The primary configuration is managed through the launch script `train_rl_collabllm.sh` and the YAML file `recipe/collabllm/config/collabllm_interaction_config.yaml`. Key configuration sections:

| Section              | Key Parameters / Notes                                                                 |
|----------------------|-----------------------------------------------------------------------------------------|
| `data`               | Paths to training/validation files, batch sizes, sequence lengths.                      |
| `actor_rollout_ref` (common) | Base model path (used for actor + initial reference), FSDP settings, optimization (LR, scheduler). |
| `actor_rollout_ref` (CollabLLM-specific) | Hyperparameters under `actor_rollout_ref.rollout.multi_turn`: `max_user_turns`, `max_assistant_turns`, `num_repeat_rollouts`. |
| `interaction`        | Defined in `collabllm_interaction_config.yaml`. Specifies user simulator and hyperparameters.

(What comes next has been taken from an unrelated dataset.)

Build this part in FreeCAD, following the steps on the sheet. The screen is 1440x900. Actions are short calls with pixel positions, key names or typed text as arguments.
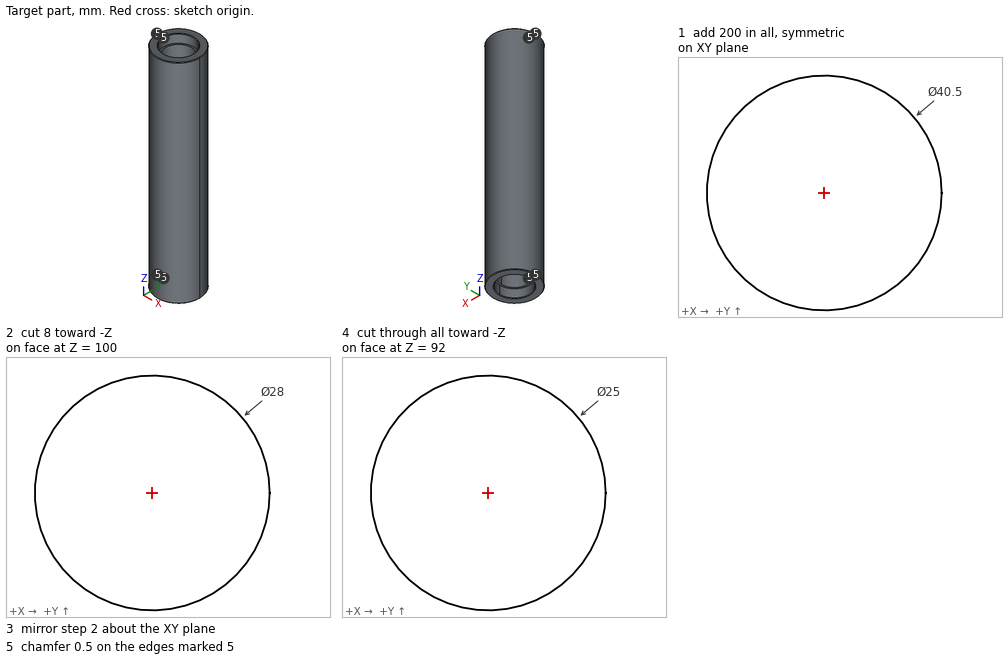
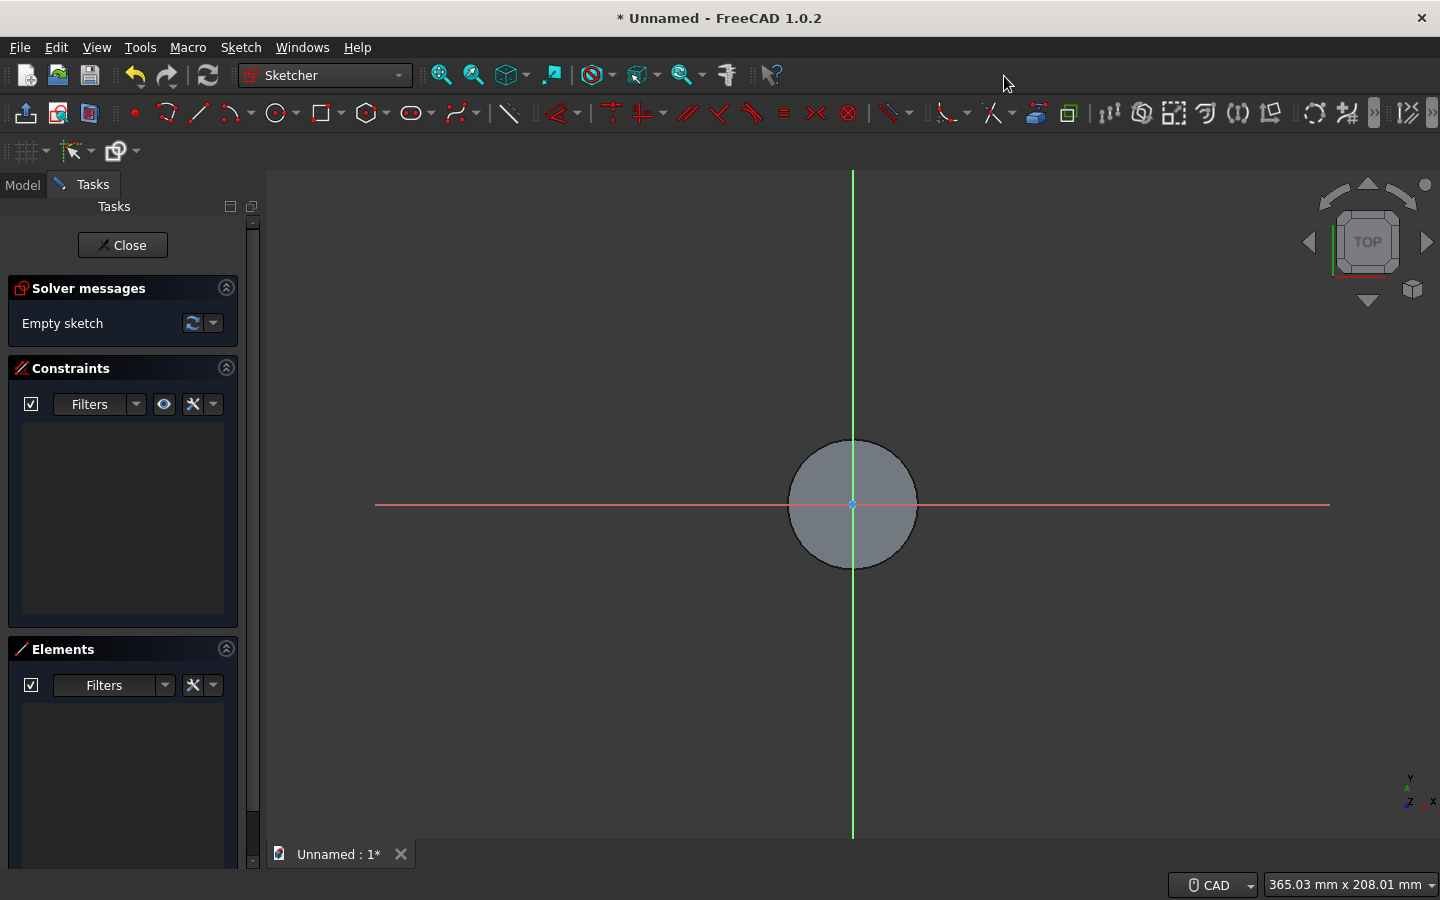
scroll(870, 504, up, 8)

Requires exported API keys. |
| `reward_model`       | Manager set to `collabllm` by default. Modify `reward_model.reward_kwargs.metric_weights` for conversational rewards and weights. LLM Judge hyperparameters (e.g., `model`, `temperature`) go under `reward_model.reward_kwargs.llm_judge_kwargs`. |
| `algorithm`          | GRPO-specific hyperparameters such as `actor_rollout_ref.rollout.n`.                    |
| `trainer`            | Distributed training (nodes, GPUs per node), logging (WandB), checkpointing frequency.  |

---

## Key Files

| File Path | Purpose |
|-----------|---------|
| `recipe/collabllm/collabllm_agent_loop.py` | Main logic to sample future conversations, using `CollabLLMInteraction` from `verl/interactions/collabllm_interaction.py`. |
| `verl/workers/reward_manager/collabllm.py` | Computes rewards for future conversations, leveraging `recipe/collabllm/reward_function.py` to apply each metric. |

---

## Acknowledgement

We sincerely thank the `verl` community and advisors for their contributions and guidance!